***** The data

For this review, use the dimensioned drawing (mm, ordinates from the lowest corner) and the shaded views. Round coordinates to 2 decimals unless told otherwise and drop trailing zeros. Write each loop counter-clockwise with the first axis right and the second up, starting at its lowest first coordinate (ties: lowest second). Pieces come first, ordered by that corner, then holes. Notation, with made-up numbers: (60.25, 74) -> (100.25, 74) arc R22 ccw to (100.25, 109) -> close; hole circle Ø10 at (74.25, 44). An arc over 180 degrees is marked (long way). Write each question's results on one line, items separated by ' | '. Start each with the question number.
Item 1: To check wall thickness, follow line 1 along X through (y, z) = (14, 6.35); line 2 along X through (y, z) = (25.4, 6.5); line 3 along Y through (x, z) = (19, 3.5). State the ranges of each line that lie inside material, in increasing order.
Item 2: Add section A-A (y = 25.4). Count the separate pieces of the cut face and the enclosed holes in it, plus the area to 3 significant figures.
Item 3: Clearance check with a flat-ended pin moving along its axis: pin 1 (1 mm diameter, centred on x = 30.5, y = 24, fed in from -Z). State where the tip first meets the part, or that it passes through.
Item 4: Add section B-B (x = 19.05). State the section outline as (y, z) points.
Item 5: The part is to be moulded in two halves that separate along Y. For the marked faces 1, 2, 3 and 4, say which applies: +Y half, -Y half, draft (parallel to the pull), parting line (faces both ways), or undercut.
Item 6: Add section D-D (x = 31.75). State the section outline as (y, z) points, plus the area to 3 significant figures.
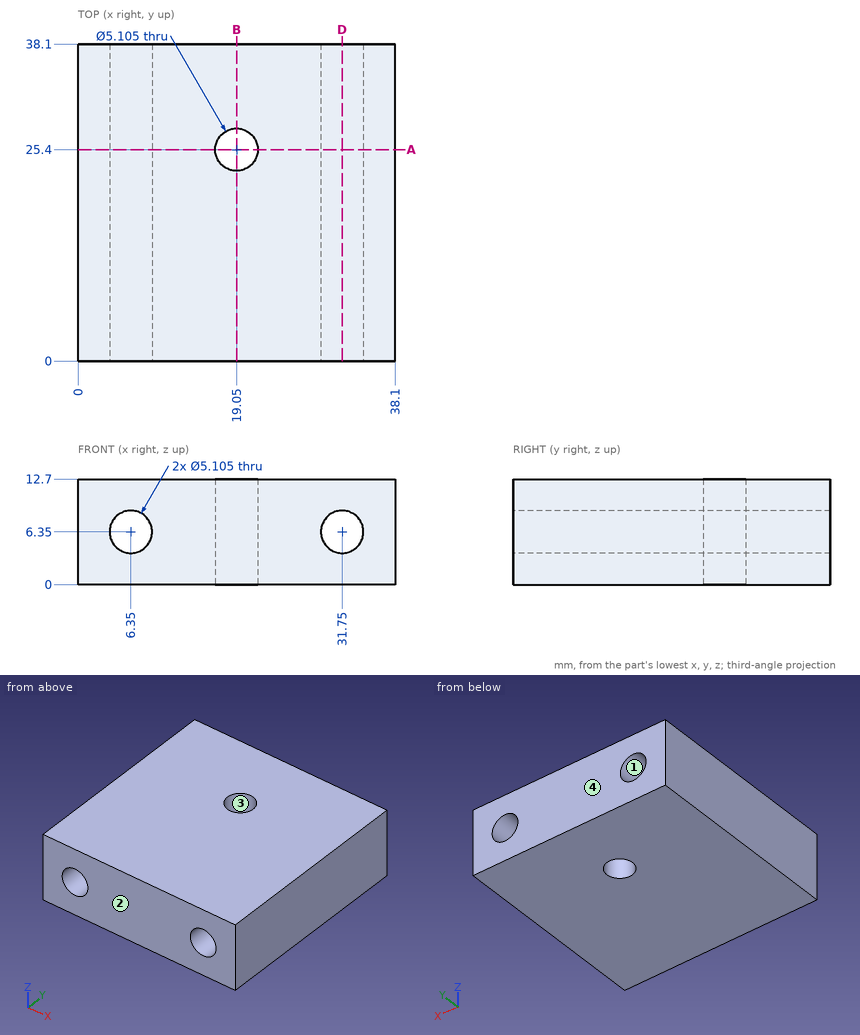
Responses:
1) line 1: x = 0 to 3.8, 8.9 to 29.2, 34.3 to 38.1 | line 2: x = 0 to 3.8, 8.9 to 16.5, 21.6 to 29.2, 34.3 to 38.1 | line 3: y = 0 to 22.85, 27.95 to 38.1
2) separate pieces: 2 | enclosed holes: 2 | area: 378 mm^2
3) pin 1: stops at z = 0
4) outline: (0, 0) -> (22.85, 0) -> (22.85, 12.7) -> (0, 12.7) -> close; (27.95, 0) -> (38.1, 0) -> (38.1, 12.7) -> (27.95, 12.7) -> close
5) face 1: draft | face 2: -Y half | face 3: undercut | face 4: +Y half
6) outline: (0, 0) -> (38.1, 0) -> (38.1, 3.8) -> (0, 3.8) -> close; (0, 8.9) -> (38.1, 8.9) -> (38.1, 12.7) -> (0, 12.7) -> close | area: 289 mm^2
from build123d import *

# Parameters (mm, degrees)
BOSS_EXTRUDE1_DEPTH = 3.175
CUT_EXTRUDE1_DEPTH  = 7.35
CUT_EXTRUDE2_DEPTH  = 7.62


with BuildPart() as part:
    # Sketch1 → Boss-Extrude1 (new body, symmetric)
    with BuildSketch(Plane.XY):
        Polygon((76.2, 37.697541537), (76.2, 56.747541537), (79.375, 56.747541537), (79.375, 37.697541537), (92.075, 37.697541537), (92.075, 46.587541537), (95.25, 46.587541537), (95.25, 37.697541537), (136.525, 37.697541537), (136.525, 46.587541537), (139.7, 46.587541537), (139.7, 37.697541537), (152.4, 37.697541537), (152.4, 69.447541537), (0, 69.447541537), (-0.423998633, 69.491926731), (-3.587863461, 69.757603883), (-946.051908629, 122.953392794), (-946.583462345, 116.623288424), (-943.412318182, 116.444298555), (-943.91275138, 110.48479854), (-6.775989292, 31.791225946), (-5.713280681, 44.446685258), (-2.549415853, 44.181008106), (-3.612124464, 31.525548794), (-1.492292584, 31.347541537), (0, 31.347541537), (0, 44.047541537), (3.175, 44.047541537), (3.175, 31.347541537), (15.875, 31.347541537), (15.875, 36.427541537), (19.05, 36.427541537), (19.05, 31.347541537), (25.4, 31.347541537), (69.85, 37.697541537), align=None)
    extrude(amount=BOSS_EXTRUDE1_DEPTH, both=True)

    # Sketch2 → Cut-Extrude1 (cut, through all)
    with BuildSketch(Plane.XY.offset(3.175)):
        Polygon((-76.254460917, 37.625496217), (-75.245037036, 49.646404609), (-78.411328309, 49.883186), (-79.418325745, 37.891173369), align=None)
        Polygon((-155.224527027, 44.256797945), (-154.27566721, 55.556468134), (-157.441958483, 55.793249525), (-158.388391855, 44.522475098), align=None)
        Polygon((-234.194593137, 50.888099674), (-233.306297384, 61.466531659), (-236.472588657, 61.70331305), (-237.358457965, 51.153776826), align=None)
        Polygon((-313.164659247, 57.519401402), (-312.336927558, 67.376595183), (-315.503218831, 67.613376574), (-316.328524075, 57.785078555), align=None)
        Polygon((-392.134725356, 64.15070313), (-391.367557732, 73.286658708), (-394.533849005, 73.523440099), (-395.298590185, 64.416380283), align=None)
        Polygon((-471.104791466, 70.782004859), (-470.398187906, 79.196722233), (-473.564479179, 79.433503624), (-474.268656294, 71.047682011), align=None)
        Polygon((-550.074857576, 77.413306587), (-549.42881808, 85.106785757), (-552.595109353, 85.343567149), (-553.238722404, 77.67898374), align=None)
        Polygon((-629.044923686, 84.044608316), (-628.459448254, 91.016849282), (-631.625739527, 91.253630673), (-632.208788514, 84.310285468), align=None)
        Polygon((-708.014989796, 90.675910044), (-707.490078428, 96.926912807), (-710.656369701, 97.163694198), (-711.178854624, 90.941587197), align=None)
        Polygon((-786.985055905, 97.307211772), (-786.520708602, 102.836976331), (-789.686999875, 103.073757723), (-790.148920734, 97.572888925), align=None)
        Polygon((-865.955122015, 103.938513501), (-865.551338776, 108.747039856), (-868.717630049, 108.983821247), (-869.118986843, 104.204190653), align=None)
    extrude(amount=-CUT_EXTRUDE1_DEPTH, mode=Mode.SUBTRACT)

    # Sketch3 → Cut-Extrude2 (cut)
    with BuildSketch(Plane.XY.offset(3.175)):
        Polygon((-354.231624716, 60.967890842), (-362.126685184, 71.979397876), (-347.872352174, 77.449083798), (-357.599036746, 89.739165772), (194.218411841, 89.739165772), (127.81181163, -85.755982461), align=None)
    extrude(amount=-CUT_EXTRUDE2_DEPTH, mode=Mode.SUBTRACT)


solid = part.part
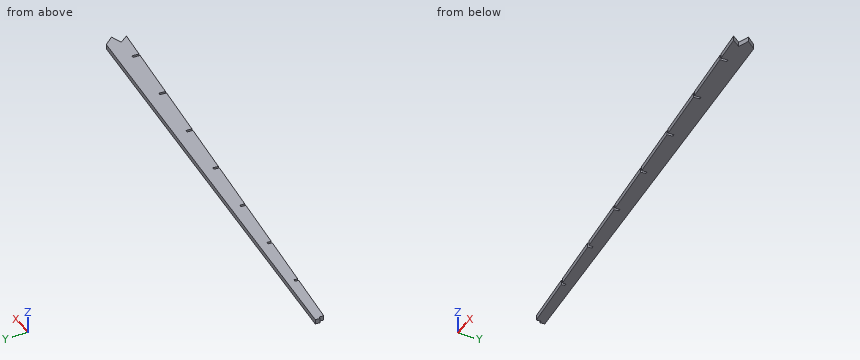
Read the model definition and answer for the solid it produces. Units are mm, in the model's axes. Round coordinates to 2 decimals unless told otherwise and drop trailing zeros. Write each loop counter-clockwise with the first axis right and the second up, starting at its lowest first coordinate (ties: lowest second). Pieces come first, ordered by that corner, then holes. Notation, with made-up numbers: M 3.5,-8.5 L 34.5,-8.5 A18 cw 34.5,19.5 Z; hole C -4.75,35 d4. An arc over 180 degrees is marked long. Use a Markdown table: item, result.
1) The part is cut by section B-B (x = -566). Write down the section's boundary in (y, z) (3 decimals), plus the area to 3 significant figures.
Answers follow:
| item | result |
|---|---|
| outline | M 78.751,-3.175 L 101.502,-3.175 L 101.502,3.175 L 78.751,3.175 Z |
| area | 144 mm2 |
2) Straight lines are drawn through the part: line 1 along Y through (x, z) = (-583.5, 1.75); line 2 along Y through (x, z) = (-752, -1.75). For each, find the intervals that lie inside material, in ascending order. Write a range as [from, to].
Answers follow:
| item | result |
|---|---|
| line 1 | y = [80.22, 102.49] |
| line 2 | y = [94.37, 112] |
3) The part is cut by section A-A (x = -676). Write down the section's boundary in (y, z) (3 decimals), plus the area to 3 significant figures.
Answers follow:
| item | result |
|---|---|
| outline | M 87.988,-3.175 L 107.711,-3.175 L 107.711,3.175 L 87.988,3.175 Z |
| area | 125 mm2 |
4) Flat-ended cylindrical pins translate along their axes: pin 1 (12 mm diameter, centred on x = -570, y = 103.5, fed in from -Z) (3 decimals); pin 2 (2 mm diameter, centred on y = 111, z = -2, fed in from -X). Find the tip coordinate at first contact, or state that the pin passes through.
Answers follow:
| item | result |
|---|---|
| pin 1 | stops at z = -3.175 |
| pin 2 | stops at x = -943.91 |

**********

Task goal: Give back, unchanged, the run of lines in the listing above that begins at the line containing "(69.85, 37.697541537), align=None)" and ends at the line containing "(-316.328524075, 57.785078555), align=None)", both included.

The completed task:
        Polygon((76.2, 37.697541537), (76.2, 56.747541537), (79.375, 56.747541537), (79.375, 37.697541537), (92.075, 37.697541537), (92.075, 46.587541537), (95.25, 46.587541537), (95.25, 37.697541537), (136.525, 37.697541537), (136.525, 46.587541537), (139.7, 46.587541537), (139.7, 37.697541537), (152.4, 37.697541537), (152.4, 69.447541537), (0, 69.447541537), (-0.423998633, 69.491926731), (-3.587863461, 69.757603883), (-946.051908629, 122.953392794), (-946.583462345, 116.623288424), (-943.412318182, 116.444298555), (-943.91275138, 110.48479854), (-6.775989292, 31.791225946), (-5.713280681, 44.446685258), (-2.549415853, 44.181008106), (-3.612124464, 31.525548794), (-1.492292584, 31.347541537), (0, 31.347541537), (0, 44.047541537), (3.175, 44.047541537), (3.175, 31.347541537), (15.875, 31.347541537), (15.875, 36.427541537), (19.05, 36.427541537), (19.05, 31.347541537), (25.4, 31.347541537), (69.85, 37.697541537), align=None)
    extrude(amount=BOSS_EXTRUDE1_DEPTH, both=True)

    # Sketch2 → Cut-Extrude1 (cut, through all)
    with BuildSketch(Plane.XY.offset(3.175)):
        Polygon((-76.254460917, 37.625496217), (-75.245037036, 49.646404609), (-78.411328309, 49.883186), (-79.418325745, 37.891173369), align=None)
        Polygon((-155.224527027, 44.256797945), (-154.27566721, 55.556468134), (-157.441958483, 55.793249525), (-158.388391855, 44.522475098), align=None)
        Polygon((-234.194593137, 50.888099674), (-233.306297384, 61.466531659), (-236.472588657, 61.70331305), (-237.358457965, 51.153776826), align=None)
        Polygon((-313.164659247, 57.519401402), (-312.336927558, 67.376595183), (-315.503218831, 67.613376574), (-316.328524075, 57.785078555), align=None)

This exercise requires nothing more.